My solution so far is:

data = []

fmt   = '=iiiii256i'
fmt_s = '=iiiii'
fmt_spec = '256i'

struct_size = struct.calcsize(fmt)

for i in range(struct_size, len(bytes)-struct_size, struct_size):
    dat1= list(struct.unpack(fmt_s, bytes[i-struct_size:i-1024]))
    dat2= list(struct.unpack(fmt_spec, bytes[i-1024:i]))
    dat1.append(dat2)
    data.append(dat1)

Solution

  • Use the struct module; you need to define the types in a string format documented with that library:

    struct.unpack('=HHf255s', bytes)
    

    The above example expects native byte-order, two unsigned shorts, a float and a string of 255 characters.

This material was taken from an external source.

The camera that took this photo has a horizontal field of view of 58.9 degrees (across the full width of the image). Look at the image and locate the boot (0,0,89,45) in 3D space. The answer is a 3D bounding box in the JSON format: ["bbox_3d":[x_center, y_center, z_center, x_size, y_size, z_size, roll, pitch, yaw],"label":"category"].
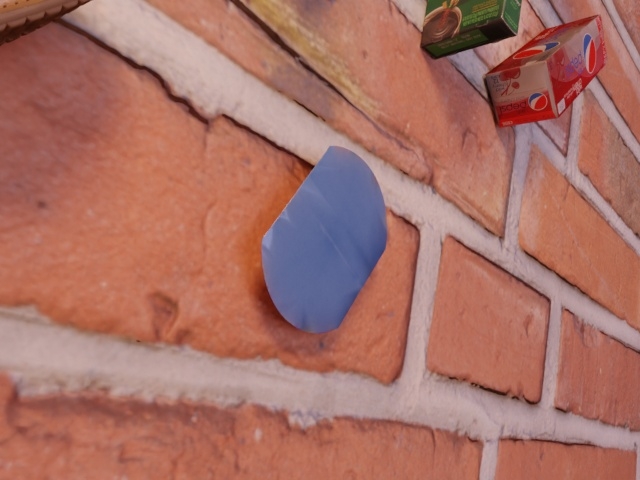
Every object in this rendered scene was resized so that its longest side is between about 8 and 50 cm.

    To loop over an already fully read bytes string, I'd use itertools; there is a handy grouper recipe that I've adapted here:

    from itertools import izip_longest, imap
    from struct import unpack, calcsize
    
    fmt_s = '=5i'
    fmt_spec = '=256i'
    size_s = calcsize(fmt_s)
    size = size_s + calcsize(fmt_spec)
    
    def chunked(iterable, n, fillvalue=''):
        args = [iter(iterable)] * n
        return imap(''.join, izip_longest(*args, fillvalue=fillvalue))
    
    data = [unpack(fmt_s, section[:size_s]) + (unpack(fmt_spec, section[size_s:]),)
        for section in chunked(bytes, size)]
        
    

    This produces tuples rather than lists, but it's easy enough to adjust if you have to:

    data = [list(unpack(fmt_s, section[:size_s])) + [list(unpack(fmt_spec, section[size_s:]))]
        for section in chunked(bytes, size)]